What you are asked to do: Every line of the listing belongs in your answer exactly as written; the images do not.
..............................
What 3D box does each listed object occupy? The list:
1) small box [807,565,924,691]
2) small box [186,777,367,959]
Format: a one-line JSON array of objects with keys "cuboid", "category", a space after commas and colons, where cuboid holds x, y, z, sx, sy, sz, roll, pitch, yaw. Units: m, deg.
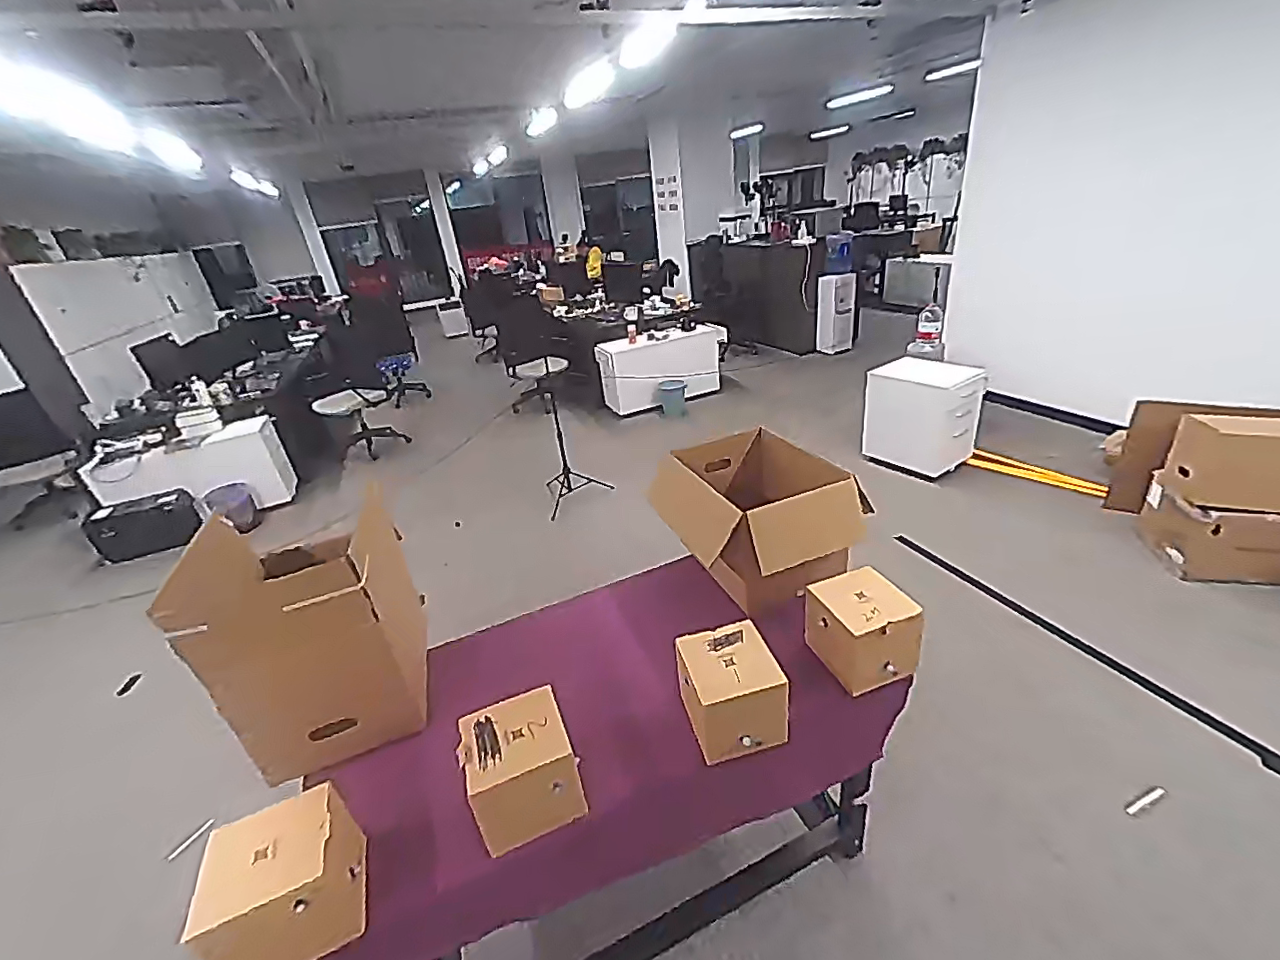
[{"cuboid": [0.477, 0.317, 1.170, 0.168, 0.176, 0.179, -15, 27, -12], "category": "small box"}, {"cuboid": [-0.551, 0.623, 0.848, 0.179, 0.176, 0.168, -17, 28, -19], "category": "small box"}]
..............................
Response below:
What 3D box does each listed object occupy? The list:
1) small box [807,565,924,691]
2) small box [186,777,367,959]
Format: a one-line JSON array of objects with keys "cuboid", "category", a space after commas and colons, where cuboid holds x, y, z, sx, sy, sz, roll, pitch, yaw. Units: m, deg.
[{"cuboid": [0.477, 0.317, 1.170, 0.168, 0.176, 0.179, -15, 27, -12], "category": "small box"}, {"cuboid": [-0.551, 0.623, 0.848, 0.179, 0.176, 0.168, -17, 28, -19], "category": "small box"}]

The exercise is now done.